AIM OF THE TASK: Retype the lines from the one containing "Numbers: x, y, z, sx, sy, sz, roll, pitch, yaw." through the last line of the entries below, exactly and in full, omitting every image.

Collection entries:
'''

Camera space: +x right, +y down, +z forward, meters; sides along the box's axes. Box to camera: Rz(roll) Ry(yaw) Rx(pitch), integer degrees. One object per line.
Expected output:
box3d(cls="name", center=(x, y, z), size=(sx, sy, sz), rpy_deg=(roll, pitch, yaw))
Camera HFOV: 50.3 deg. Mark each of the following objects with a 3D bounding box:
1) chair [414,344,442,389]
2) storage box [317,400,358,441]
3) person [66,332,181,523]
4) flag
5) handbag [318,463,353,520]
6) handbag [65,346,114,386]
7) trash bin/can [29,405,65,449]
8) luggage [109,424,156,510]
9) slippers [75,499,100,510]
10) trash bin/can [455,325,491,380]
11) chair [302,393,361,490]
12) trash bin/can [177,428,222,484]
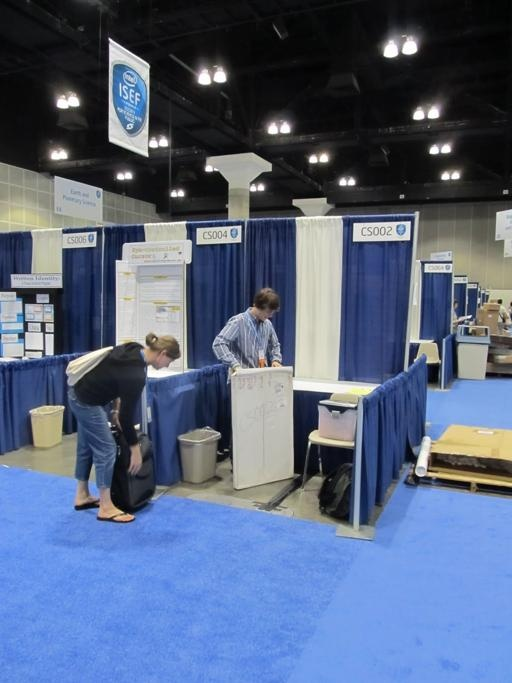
box3d(cls="chair", center=(2.758, 0.248, 8.658), size=(0.478, 0.872, 0.543), rpy_deg=(5, -5, 25))
box3d(cls="storage box", center=(0.527, 0.491, 3.513), size=(0.185, 0.236, 0.223), rpy_deg=(1, -1, 11))
box3d(cls="person", center=(-0.824, 0.512, 3.249), size=(0.584, 1.116, 0.685), rpy_deg=(-2, 5, -32))
box3d(cls="flag", center=(-0.919, -1.741, 3.917), size=(0.048, 0.688, 0.446), rpy_deg=(2, 4, 25))
box3d(cls="handbag", center=(0.509, 0.955, 3.398), size=(0.095, 0.329, 0.203), rpy_deg=(23, -3, -22))
box3d(cls="handbag", center=(-0.945, 0.155, 3.087), size=(0.270, 0.226, 0.129), rpy_deg=(2, 4, 10))
box3d(cls="trash bin/can", center=(-1.864, 0.781, 4.932), size=(0.220, 0.456, 0.426), rpy_deg=(1, 1, 4))
box3d(cls="luggage", center=(-0.763, 0.779, 3.398), size=(0.194, 0.508, 0.268), rpy_deg=(8, 12, 33))
box3d(cls="slippers", center=(-1.055, 1.036, 3.416), size=(0.111, 0.056, 0.069), rpy_deg=(1, -1, -16))
box3d(cls="trash bin/can", center=(3.833, 0.203, 9.620), size=(0.554, 0.900, 0.870), rpy_deg=(2, 4, 23))
box3d(cls="chair", center=(0.474, 0.668, 3.585), size=(0.311, 0.538, 0.380), rpy_deg=(10, -13, 14))
box3d(cls="trash bin/can", center=(-0.404, 0.786, 4.111), size=(0.243, 0.508, 0.369), rpy_deg=(1, 1, 22))
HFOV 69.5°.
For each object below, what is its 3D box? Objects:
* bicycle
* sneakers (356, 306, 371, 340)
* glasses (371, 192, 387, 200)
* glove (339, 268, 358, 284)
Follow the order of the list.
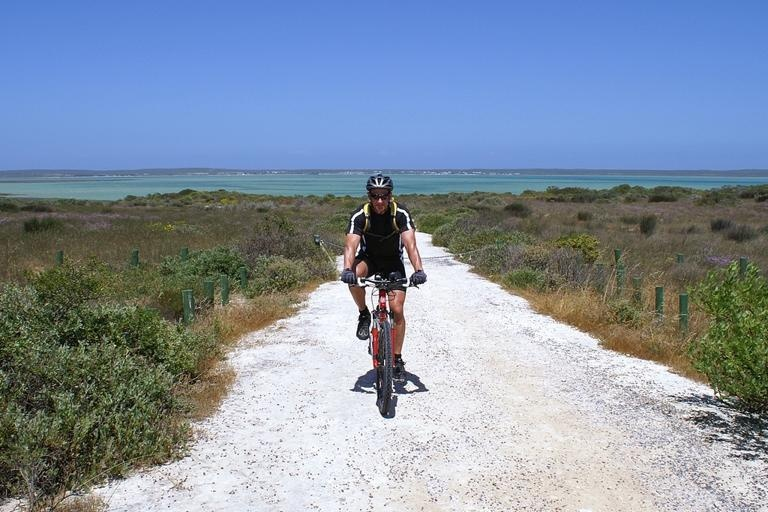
[{"bbox_3d":[-0.014,1.220,7.993,0.696,1.928,1.129,0,12,-3],"label":"bicycle"},{"bbox_3d":[-0.316,1.024,8.463,0.167,0.526,0.213,0,-1,8],"label":"sneakers"},{"bbox_3d":[-0.079,-0.815,7.604,0.263,0.096,0.129,3,13,10],"label":"glasses"},{"bbox_3d":[-0.495,0.279,7.384,0.151,0.081,0.215,21,-10,-23],"label":"glove"}]
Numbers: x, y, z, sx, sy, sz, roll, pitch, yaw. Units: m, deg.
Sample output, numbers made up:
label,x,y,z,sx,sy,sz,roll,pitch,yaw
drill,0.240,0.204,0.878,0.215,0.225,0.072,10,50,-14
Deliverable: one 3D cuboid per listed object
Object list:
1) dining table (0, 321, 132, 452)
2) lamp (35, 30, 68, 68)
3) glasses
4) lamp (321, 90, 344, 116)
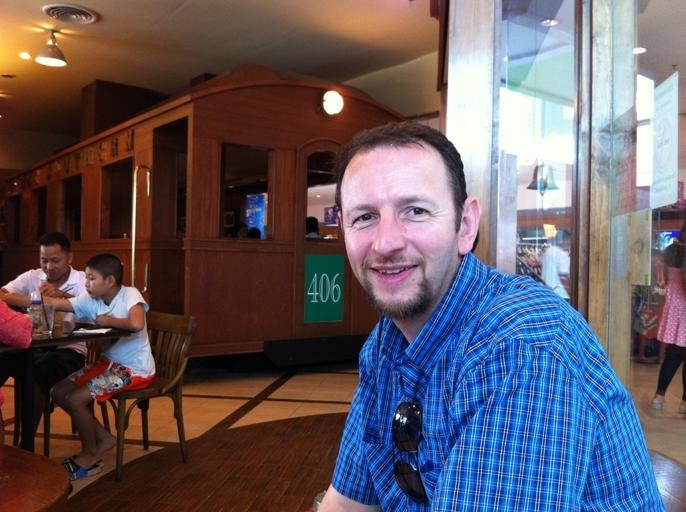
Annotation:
label,x,y,z,sx,sy,sz,roll,pitch,yaw
dining table,-1.681,0.727,3.212,0.737,0.727,0.730,-1,-1,37
lamp,-3.805,-2.783,6.913,0.359,0.388,0.340,2,5,-30
glasses,0.143,0.430,1.087,0.052,0.182,0.177,-1,3,5
lamp,-0.108,-1.842,6.272,0.266,0.276,0.087,2,-1,-35

'''

RESULT FOR THIS TASK:
Numbers: x, y, z, sx, sy, sz, roll, pitch, yaw. Units: m, deg.
Sample output, numbers made up:
label,x,y,z,sx,sy,sz,roll,pitch,yaw
drill,0.240,0.204,0.878,0.215,0.225,0.072,10,50,-14
Deliverable: one 3D cuboid per listed object
Object list:
1) dining table (0, 321, 132, 452)
2) lamp (35, 30, 68, 68)
3) glasses
4) lamp (321, 90, 344, 116)
Annotation:
label,x,y,z,sx,sy,sz,roll,pitch,yaw
dining table,-1.681,0.727,3.212,0.737,0.727,0.730,-1,-1,37
lamp,-3.805,-2.783,6.913,0.359,0.388,0.340,2,5,-30
glasses,0.143,0.430,1.087,0.052,0.182,0.177,-1,3,5
lamp,-0.108,-1.842,6.272,0.266,0.276,0.087,2,-1,-35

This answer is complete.